Evidence that the environment around the time of conception - or even before - can affect the sperm epigenome and ultimately offspring development and health, is rapidly growing. This means that on a theoretical level, we may need to rethink some of our assumptions about the drivers of phenotypic variability, mechanisms of inheritance, and evolution. But these findings may also have important practical and public health implications: if losing weight or reducing stress shortly before conceiving could have long-term effects on child health health, public health officials, medical practitioners, and prospective parents ought to know.

However, most of what we know comes from mice, and research in this area in humans is still growing. While most epigenetic processes are shared, humans differ from rodents in important ways. This creates a number of challenges to studying this ‘germline epigenetic inheritance’ (GEI) in humans, and need to be carefully considered as we move forward. Our long lives mean that we can experience many exposures over the lifetime, and because of our complex societies, exposures (i.e. nutritional or social stress) are often correlated. Unlike in mice, exposures are rarely random, but are the product of hierarchies of power and structural inequalities. Furthermore, GEI provides only one pathway - parents who face nutritional or social adversity may transmit these effects onto their offspring through a number of non-biological pathways (e.g. changes in parenting behavior).

Nevertheless, there are a number of advantages of working with humans and non-human primates in this area. Researchers can capitalize on large, long-term datasets that have rich phenotypic, genetic, and health information, taking advantage of plethora of genetic and physiological tools available for our own species. We are also learning more about the potential ‘critical windows’ of sperm epigenomic changes, and the regions in the genome that might be most susceptible to epigenetic change. These insights will provide us with new opportunities to understand the effect of the pre-conceptional environment on future generations’ health in humans and our close relatives. Much of what we know about germline epigenetic inheritance through sperm (GEI) comes from worms, flies, or mice. These findings may or may not translate to humans, and research - especially in non-clinical settings - continues to be a challenge. Large, long-term, multigenerational human and non-human primate datasets with rich social and biological information common among biological anthropologists and human biologists may be key to testing this hypothesis.

Future Research

I have studied and written extensively on the topic of male germline epigenetic inheritance (i.e. Ryan and Kuzawa 2020), and been involved in the planning and design of several projects aimed at attacking this problem. These have varied from a study of the impacts of the 1918 flu on contemporaty residents of Utah, the effect of nuclear fallout from the Chernobyl nuclear disaster on growth and development of Norwegian children, and the impact of football team wins/loses on school performance of supporters’ children conceived during that time using a large database in Florida.

So far, the challenges of these projects have outweighed the opportunities. However, I continue to seek out opportunities to investigate this fascinating area using both human and non-human primates, and believe that anthropologists and human biologists will have an important role to play in this area.
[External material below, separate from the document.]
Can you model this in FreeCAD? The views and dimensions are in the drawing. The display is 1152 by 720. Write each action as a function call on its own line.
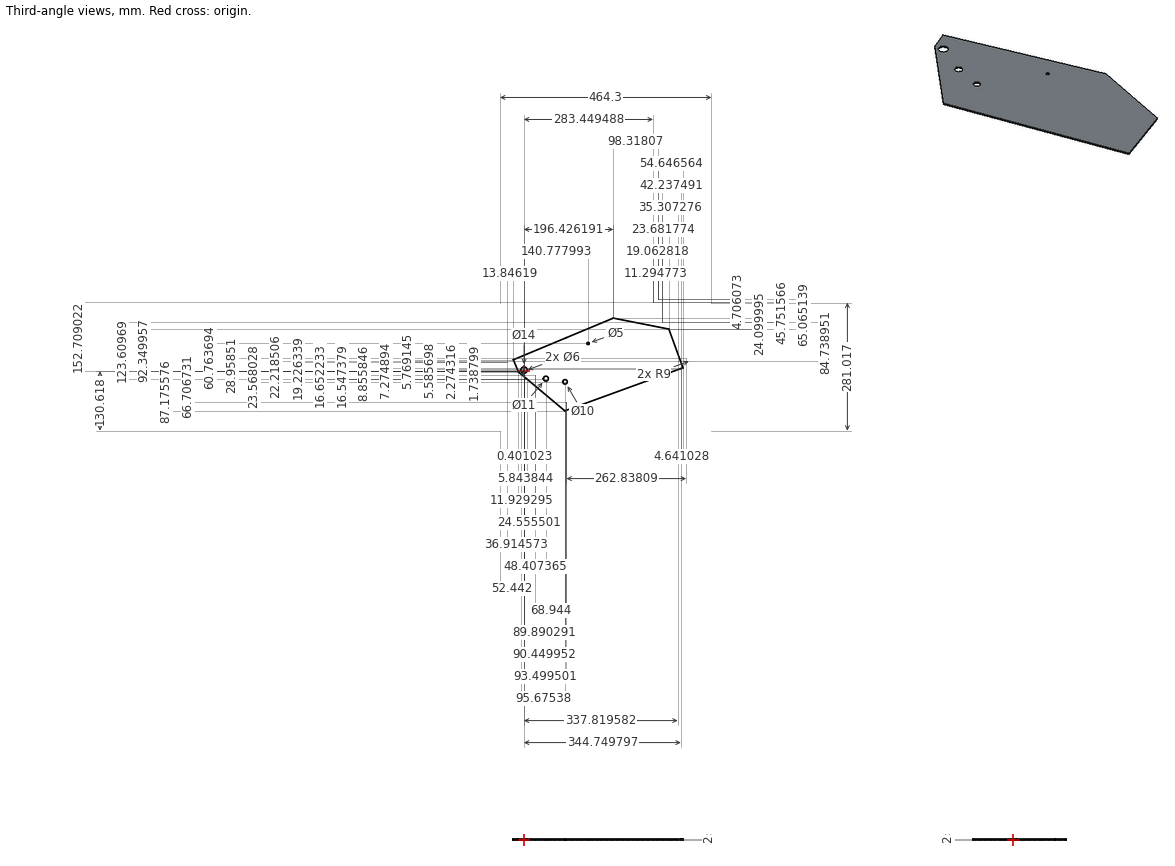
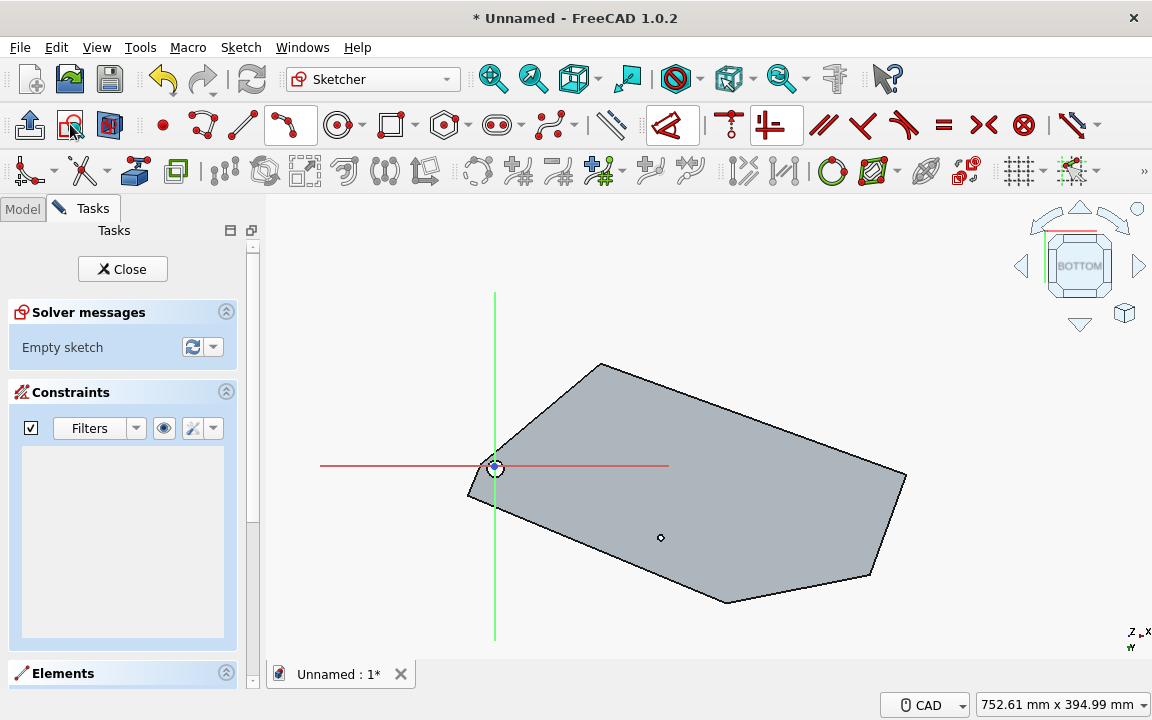
scroll(547, 448, up, 15)

The careful consideration to both social and evolutionary forces, combined with foundations in genetics and molecular biology, promises advance us beyond mice models and clinical studies, and into non-clinical studies that emphasize natural human variation and health. Studying germline epigenetic inheritance is important not only for theoretical reasons (e.g. What do we mean by ‘inheritance’? How does the environment contribute to phenotypic variation?), but also practical reasons (e.g. Should men get as healthy as possible before conceiving a child? What changes in particular might have the most impact on the next generation?). Such questions also raise important ethical issues from the perspectives of both past generations and those to come.